__Requirement__:
The lines to copy are those with "size" in them. Pull each one from the entries below.

___ Given records ___

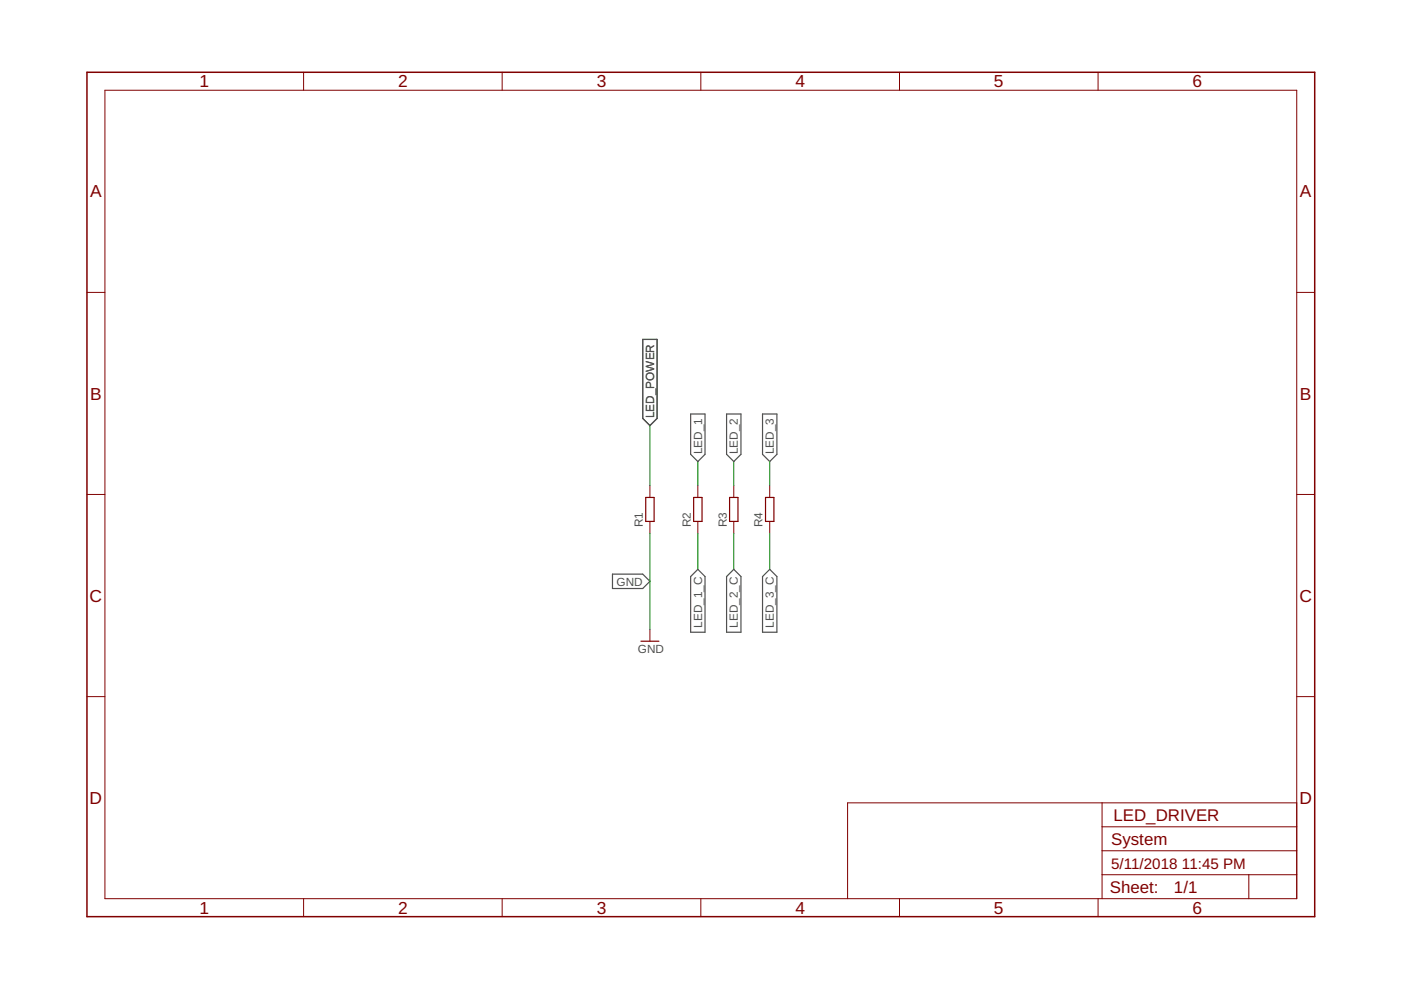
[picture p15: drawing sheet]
<svg xmlns="http://www.w3.org/2000/svg" width="297mm" height="210mm" viewBox="0 0 297 210" stroke-linecap="round" stroke-linejoin="round" font-family="sans-serif">
<defs><g id="words">
<g font-size="3.7" fill="#800000">
<text x="42.3" y="18.5">1</text>
<text x="84.4" y="18.5">2</text>
<text x="126.5" y="18.5">3</text>
<text x="168.6" y="18.5">4</text>
<text x="210.7" y="18.5">5</text>
<text x="252.9" y="18.5">6</text>
<text x="19.1" y="41.9">A</text>
<text x="275.6" y="41.9">A</text>
<text x="19.1" y="84.7">B</text>
<text x="275.6" y="84.7">B</text>
<text x="19" y="127.6">C</text>
<text x="275.5" y="127.6">C</text>
<text x="19" y="170.4">D</text>
<text x="275.5" y="170.4">D</text>
<text x="42.3" y="193.7">1</text>
<text x="84.4" y="193.7">2</text>
<text x="126.5" y="193.7">3</text>
<text x="168.6" y="193.7">4</text>
<text x="210.7" y="193.7">5</text>
<text x="252.9" y="193.7">6</text>
</g>
<g font-size="3.6" fill="#800000">
<text x="235.6" y="179.1">System</text>
<text x="236.1" y="174">LED_DRIVER</text>
<text x="235.3" y="189.4">Sheet:</text>
<text x="248.9" y="189.3">1/1</text>
</g>
<g font-size="3.2" fill="#800000">
<text x="235.6" y="184.2">5/11/2018</text>
<text x="250.6" y="184.2">11:45 PM</text>
</g>
<g font-size="2.5" fill="#505050">
<text x="138.7" y="88.7" transform="rotate(-90 138.7 88.7)">LED_POWER</text>
<text x="148.8" y="96.3" transform="rotate(-90 148.8 96.3)">LED_1</text>
<text x="156.5" y="96.3" transform="rotate(-90 156.5 96.3)">LED_2</text>
<text x="164.1" y="96.3" transform="rotate(-90 164.1 96.3)">LED_3</text>
<text x="136.3" y="111.8" transform="rotate(-90 136.3 111.8)">R1</text>
<text x="146.5" y="111.8" transform="rotate(-90 146.5 111.8)">R2</text>
<text x="154.1" y="111.8" transform="rotate(-90 154.1 111.8)">R3</text>
<text x="161.7" y="111.8" transform="rotate(-90 161.7 111.8)">R4</text>
<text x="130.7" y="124.1">GND</text>
<text x="148.8" y="133.1" transform="rotate(-90 148.8 133.1)">LED_1_C</text>
<text x="156.5" y="133.1" transform="rotate(-90 156.5 133.1)">LED_2_C</text>
<text x="164.1" y="133.1" transform="rotate(-90 164.1 133.1)">LED_3_C</text>
<text x="135.3" y="138.5">GND</text>
</g>
</g></defs>
<path d="M136.3 72h3v16.7l-1.5 1.5-1.5-1.5zM146.4 87.8h3.1v8.5l-1.5 1.6-1.6-1.6zM154.1 87.8h3v8.5l-1.5 1.6-1.5-1.6zM161.7 87.8h3v8.5l-1.5 1.6-1.5-1.6zM129.9 121.7h6.4l1.5 1.6-1.5 1.5h-6.4zM146.4 122.2l1.6-1.5 1.5 1.5v11.8h-3.1zM155.6 120.7l1.5 1.5v11.8h-3v-11.8zM161.7 122.2l1.5-1.5 1.5 1.5v11.8h-3z" fill="none" stroke="#505050" stroke-width=".25"/>
<path d="M136.9 105.5h1.8v5.1h-1.8zM147.1 105.5h1.7v5.1h-1.7zM154.7 105.5h1.8v5.1h-1.8zM162.3 105.5h1.8v5.1h-1.8zM135.9 136h3.8" fill="none" stroke="#800000" stroke-width=".25"/>
<g fill="none" stroke="#800000" stroke-width=".21">
<path d="M22.2 19.1h252.7v171.4h-252.7zM64.4 15.3v3.8M106.5 15.3v3.8M148.6 15.3v3.8M190.7 15.3v3.8M232.8 15.3v3.8M18.4 62h3.8M274.9 62h3.8M18.4 104.8h3.8M137.8 102.9v2.6M137.8 110.6v2.5M148 102.9v2.6"/>
<path d="M148 110.6v2.5M155.6 102.9v2.6M155.6 110.6v2.5M163.2 102.9v2.6M163.2 110.6v2.5M274.9 104.8h3.8M137.8 133.4v2.6M18.4 147.7h3.8M274.9 147.7h3.8M233.7 170.2v20.3M233.7 175.3h41.2M274.9 170.2h-95.2v20.3"/>
<path d="M64.4 190.5v3.9M106.5 190.5v3.9M148.6 190.5v3.9M190.7 190.5v3.9M232.8 190.5v3.9M233.7 185.5h41.2M233.7 180.4h41.2M264.8 185.5v5"/>
</g>
<path d="M18.4 15.3h260.3v179.1h-260.3z" fill="none" stroke="#800000" stroke-width=".32"/>
<path d="M137.8 90.2v12.7M148 97.9v5M155.6 97.9v5M163.2 97.9v5M137.8 113.1v20.3M148 113.1v7.6M155.6 113.1v7.6M163.2 113.1v7.6" fill="none" stroke="#008000" stroke-width=".21"/>
<use href="#words"/>
</svg>

___

__Exercise answer__:
<g font-size="3.7" fill="#800000">
<g font-size="3.6" fill="#800000">
<g font-size="3.2" fill="#800000">
<g font-size="2.5" fill="#505050">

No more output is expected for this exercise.